According to Miller, Others’ headquarters in lower Manhattan contributed to its identification with Jews and immigrants, as well as to its embrace of fluid, hybrid identity politics. Others‘ engagement with its modern, urban milieu is also central to Newcomb’s forthcoming chapter on the magazine, which examines its response to “the conditions of urban-industrial modernity”: “Others sponsored a great deal of verse directly exploring the defining themes and settings of American life in the 1910s: the daunting cityscapes of the industrial metropolis, the changing dynamics of labor in the Machine Age, the horror of global warfare” (“There is Always Others” n.p.). Newcomb surveys a broad range of Others’ linguistic, cultural, and racial identifications, pointing out that, while the “Negro Number” advertised in the December 1917 issue never materialized, the magazine published eight poems by African-American poet Fenton Johnson. These poems, “empathetic vernacular vignettes of African-American city life,” typified the magazine’s investment in the local conditions of New York, while evincing its nondiscriminatory editorial practices. By drawing attention to urban themes, labor activism, and machine-age imagery in Others, Newcomb shows that the magazine’s aesthetic interests were inseparable from its strong social and political investments. He “remind[s] us that perhaps the best way to understand the politics of Others is finally through its title and motto, which have usually been read in an aesthetic register, but carry strong sociopolitical resonances if we listen for them” (n.p.). These resonances can also be detected in the “Spanish-American Number” of August 1916, which, according to Gabrielle Hayden, represents “an intervention that is both politically and artistically radical”: “In its opening manifesto and in its selection of texts, the Spanish American number claims Latin American literature not as a primitive phenomenon to be imitated and appropriated by U.S. writers but as avant-garde in its own right” (n.p.).

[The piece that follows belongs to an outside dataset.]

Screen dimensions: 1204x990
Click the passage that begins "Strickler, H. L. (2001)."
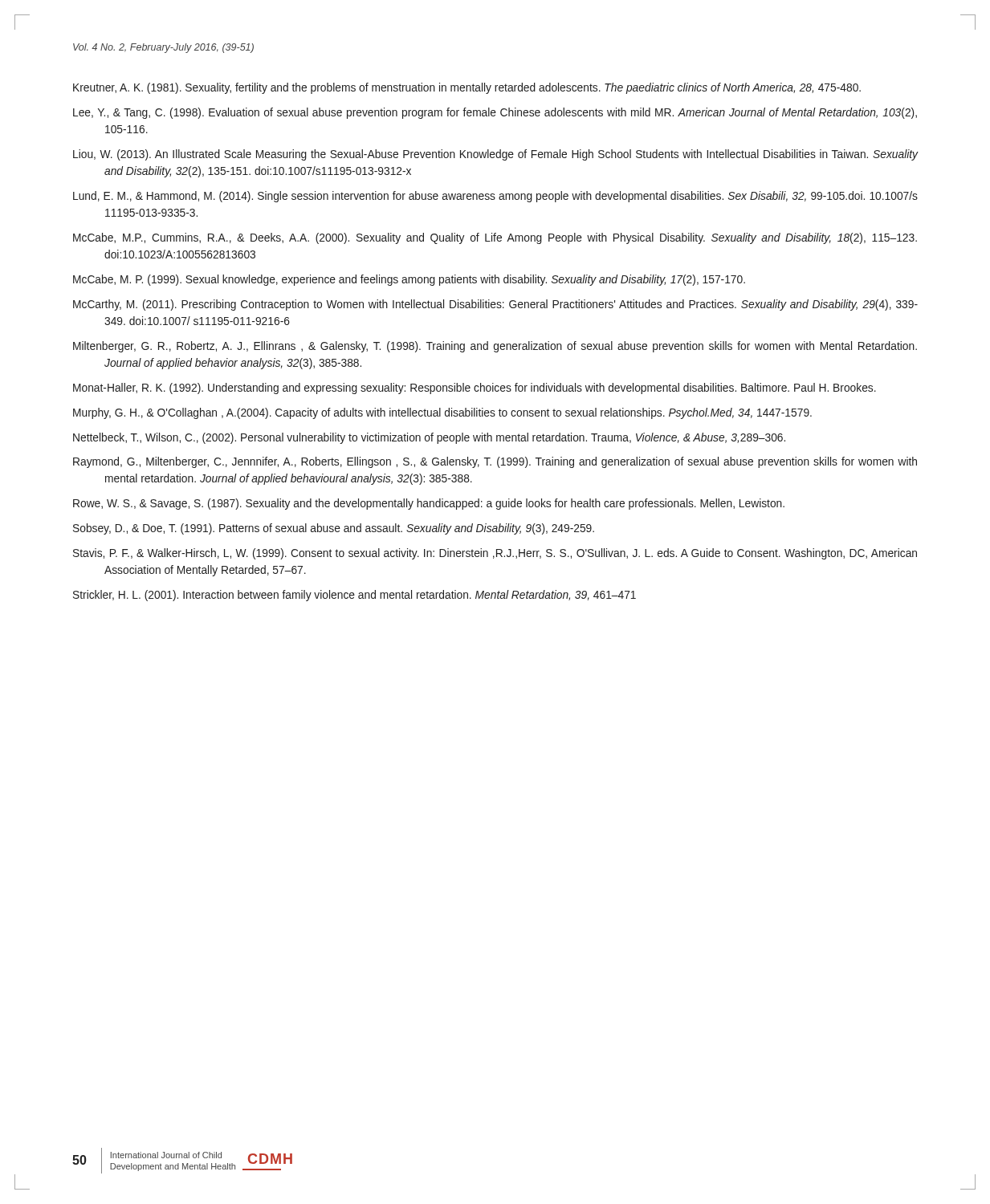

Others was a remarkably democratic space for its time, representing men and women in almost equal proportions, and opening its pages to ethnic, religious, and racial minorities, as well as to poets with radical political views. The magazine evinces the diversity of modernism, linking anarchist, communist, and socialist writers such as Lola Ridge, Adolf Wolff, and Carl Sandburg to avant-garde aesthetes such as Man Ray, Mina Loy, and Marsden Hartley, and to popular poets such as Sherwood Anderson, Louise Bogan, Vachel Lindsay, and even Robert Frost, who never published in the magazine but contributed funds to support it and supplied three poems to the Others for 1919 anthology (Churchill, Little Magazine 7). Others returns us to the chaos of early modernism, when it was difficult to distinguish the greats from the fakes, or the Imagists from the “I-am-its.” Embedding individual genius in the context of forgotten influences and innovators, Others takes us back to a time when Jeanne D’Orge shared with H. D. a penchant not only for pseudonyms, but also for stylistic brevity and passionate intensity, and when Orrick Johns’ “Olives” mirrored Gertrude Stein’s Tender Buttons in its formal structure, linguistic playfulness, and erotic intimations. The social and political dimensions of modernist poetic experimentation are obscured when poems are studied in isolation, but in the pages of Others the poems become part of an energetic, multi-vocal artistic and social discourse. Reading Others today allows us to recover the spirit of excitement, collaboration, and optimism that characterized early modernism, when a host of “Others” came together, motivated by the belief that “the new verse” could not only reflect the modern world, but actually transform it.